- GOAL OF THE EXERCISE -
From the first entry to the last, copy everything exactly except the pictures.

- DATA SUPPLIED -
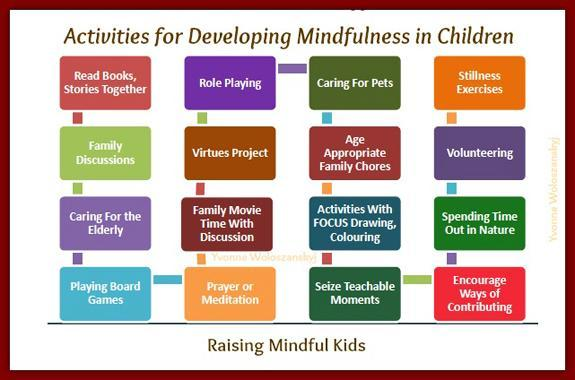What recommendation is being made for Family chores?
Answer the question with a short phrase. age appropriate family chores How many number of activities for developing mindfulness in children have been listed in the infographic? 16 
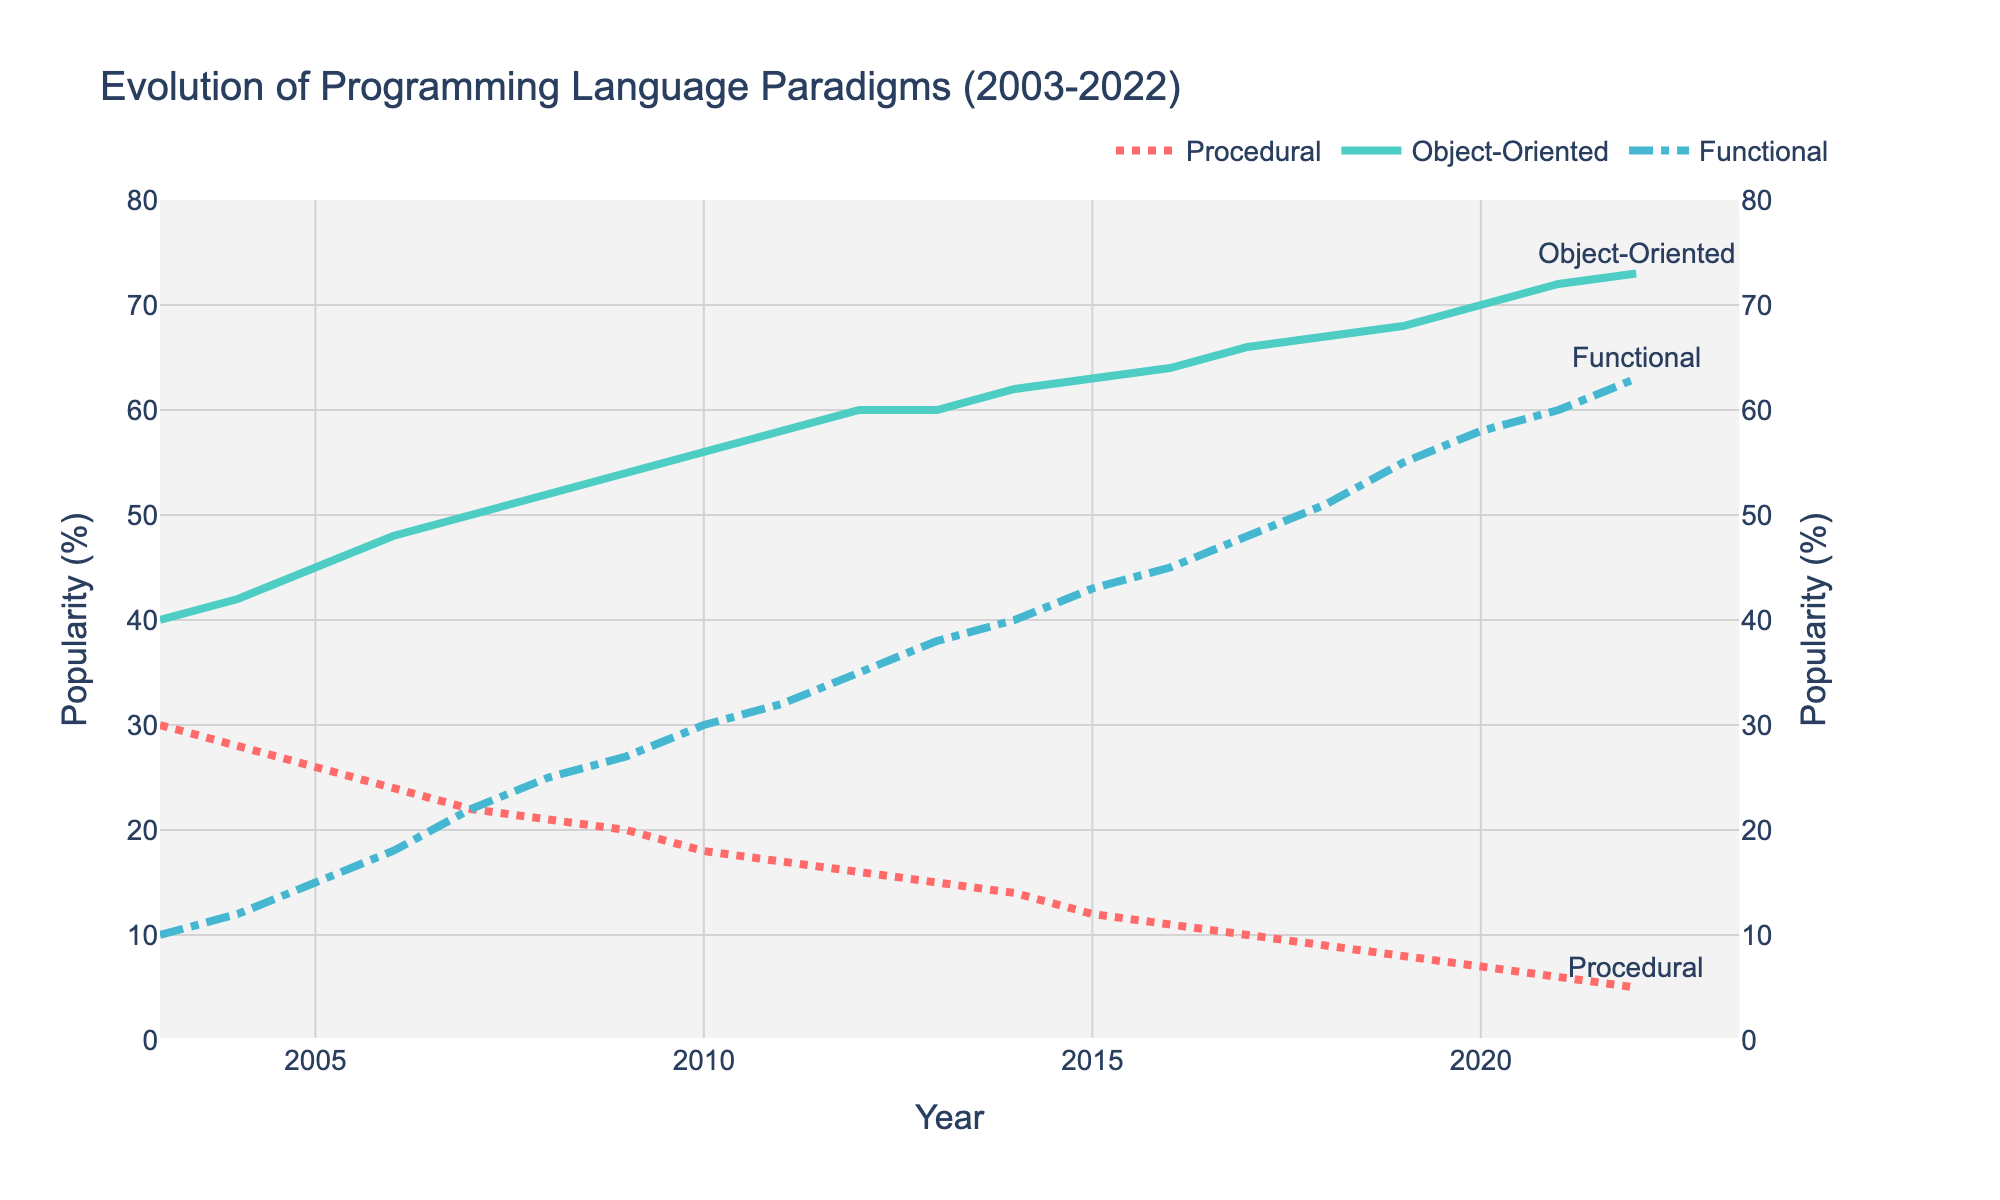What's the title of the figure? The title is typically placed at the top of the plot and represents the main topic being visualized. In this case, it is clearly indicated at the top center of the figure.
Answer: Evolution of Programming Language Paradigms (2003-2022) What does the x-axis represent? The x-axis at the bottom of the figure is labeled to indicate what information is plotted along the horizontal line. Here, it represents the years from 2003 to 2022.
Answer: Year What does the y-axis on the left side represent? The y-axis on the left side of the figure generally has units or labels to show what is being measured. In this plot, it is labeled "Popularity (%)" indicating the popularity percentage of programming paradigms.
Answer: Popularity (%) How does the popularity of the Procedural paradigm change over the period? By following the Procedural line from left to right, you can see the trend of its values decreasing from 30% in 2003 to 5% in 2022. This indicates a downward trend in the popularity of Procedural programming over the last two decades.
Answer: It decreases Which programming paradigm shows the highest popularity in 2022? By observing the values at the year 2022 on the x-axis and comparing the endpoints of the three lines, the Object-Oriented paradigm, reaching up to 73%, is the highest among the three.
Answer: Object-Oriented In which year did the popularity of Functional programming surpass 50%? By following the Functional line and checking the point where it reaches above 50%, it is clear that this occurs between 2017 and 2018. It solidly reaches 51% in 2018.
Answer: 2018 Which years showed no change in the popularity of Object-Oriented programming? By inspecting the year-to-year values for Object-Oriented, it's clear that values remain the same from 2012 to 2013, both at 60%.
Answer: 2012 to 2013 Compare the popularity changes between Object-Oriented and Functional paradigms from 2019 to 2022. The Object-Oriented paradigm increases from 68% in 2019 to 73% in 2022, showing an increase of 5%. For the Functional paradigm, it rises from 55% in 2019 to 63% in 2022, an increase of 8%.
Answer: Object-Oriented +5%, Functional +8% What is the difference in popularity between Object-Oriented and Procedural paradigms in 2007? In 2007, Object-Oriented is at 50% and Procedural is at 22%. The difference is calculated as 50% - 22%.
Answer: 28% Which paradigm had the least change in popularity from 2003 to 2022? By examining the lines and the initial and final values for each paradigm, the Procedural paradigm changes from 30% to 5%, a decrease of 25%; Object-Oriented changes from 40% to 73%, an increase of 33%; and Functional changes from 10% to 63%, an increase of 53%. Procedural has the smallest absolute value of change.
Answer: Procedural 
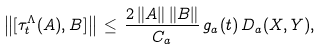<formula> <loc_0><loc_0><loc_500><loc_500>\left \| [ \tau _ { t } ^ { \Lambda } ( A ) , B ] \right \| \, \leq \, \frac { 2 \, \| A \| \, \| B \| } { C _ { a } } \, g _ { a } ( t ) \, D _ { a } ( X , Y ) ,</formula> 
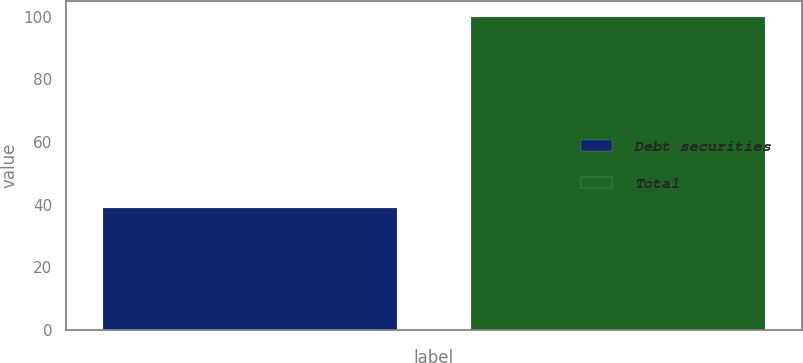Convert chart to OTSL. <chart><loc_0><loc_0><loc_500><loc_500><bar_chart><fcel>Debt securities<fcel>Total<nl><fcel>39<fcel>100<nl></chart> 
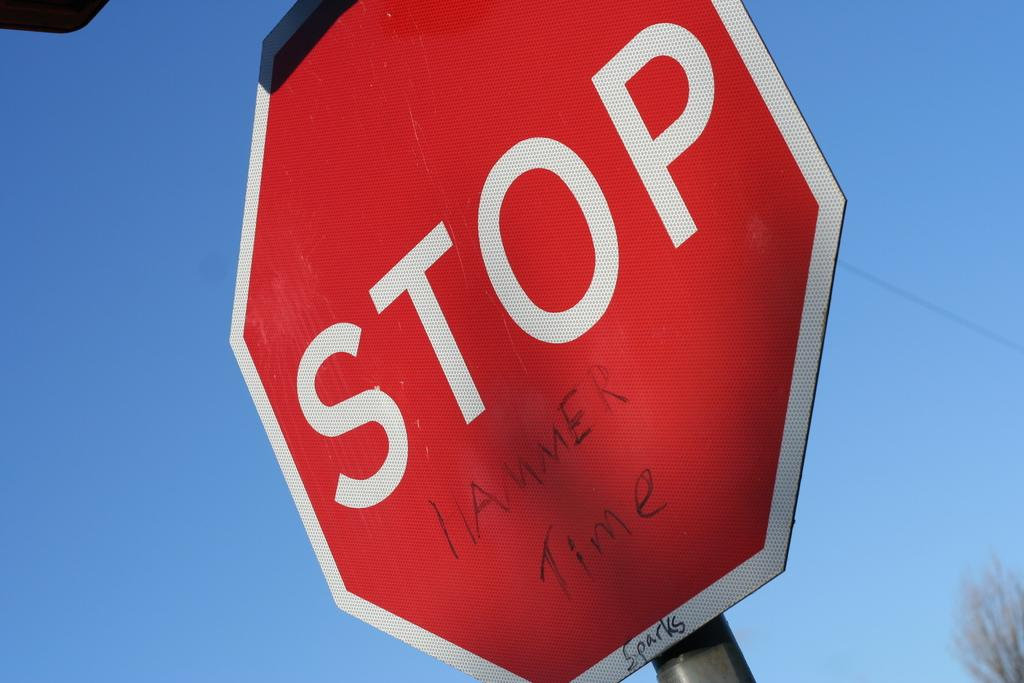<image>
Give a short and clear explanation of the subsequent image. Underneath the word stop, on a stop sign, it says hammer time.

- YOUR SOLUTION -
What recommendation is being made for Family chores?
Answer the question with a short phrase. age appropriate family chores How many number of activities for developing mindfulness in children have been listed in the infographic? 16 
What's the title of the figure? The title is typically placed at the top of the plot and represents the main topic being visualized. In this case, it is clearly indicated at the top center of the figure.
Answer: Evolution of Programming Language Paradigms (2003-2022) What does the x-axis represent? The x-axis at the bottom of the figure is labeled to indicate what information is plotted along the horizontal line. Here, it represents the years from 2003 to 2022.
Answer: Year What does the y-axis on the left side represent? The y-axis on the left side of the figure generally has units or labels to show what is being measured. In this plot, it is labeled "Popularity (%)" indicating the popularity percentage of programming paradigms.
Answer: Popularity (%) How does the popularity of the Procedural paradigm change over the period? By following the Procedural line from left to right, you can see the trend of its values decreasing from 30% in 2003 to 5% in 2022. This indicates a downward trend in the popularity of Procedural programming over the last two decades.
Answer: It decreases Which programming paradigm shows the highest popularity in 2022? By observing the values at the year 2022 on the x-axis and comparing the endpoints of the three lines, the Object-Oriented paradigm, reaching up to 73%, is the highest among the three.
Answer: Object-Oriented In which year did the popularity of Functional programming surpass 50%? By following the Functional line and checking the point where it reaches above 50%, it is clear that this occurs between 2017 and 2018. It solidly reaches 51% in 2018.
Answer: 2018 Which years showed no change in the popularity of Object-Oriented programming? By inspecting the year-to-year values for Object-Oriented, it's clear that values remain the same from 2012 to 2013, both at 60%.
Answer: 2012 to 2013 Compare the popularity changes between Object-Oriented and Functional paradigms from 2019 to 2022. The Object-Oriented paradigm increases from 68% in 2019 to 73% in 2022, showing an increase of 5%. For the Functional paradigm, it rises from 55% in 2019 to 63% in 2022, an increase of 8%.
Answer: Object-Oriented +5%, Functional +8% What is the difference in popularity between Object-Oriented and Procedural paradigms in 2007? In 2007, Object-Oriented is at 50% and Procedural is at 22%. The difference is calculated as 50% - 22%.
Answer: 28% Which paradigm had the least change in popularity from 2003 to 2022? By examining the lines and the initial and final values for each paradigm, the Procedural paradigm changes from 30% to 5%, a decrease of 25%; Object-Oriented changes from 40% to 73%, an increase of 33%; and Functional changes from 10% to 63%, an increase of 53%. Procedural has the smallest absolute value of change.
Answer: Procedural 
<formula> <loc_0><loc_0><loc_500><loc_500>\left \| [ \tau _ { t } ^ { \Lambda } ( A ) , B ] \right \| \, \leq \, \frac { 2 \, \| A \| \, \| B \| } { C _ { a } } \, g _ { a } ( t ) \, D _ { a } ( X , Y ) ,</formula> 
Convert chart to OTSL. <chart><loc_0><loc_0><loc_500><loc_500><bar_chart><fcel>Debt securities<fcel>Total<nl><fcel>39<fcel>100<nl></chart> 
<image>
Give a short and clear explanation of the subsequent image. Underneath the word stop, on a stop sign, it says hammer time.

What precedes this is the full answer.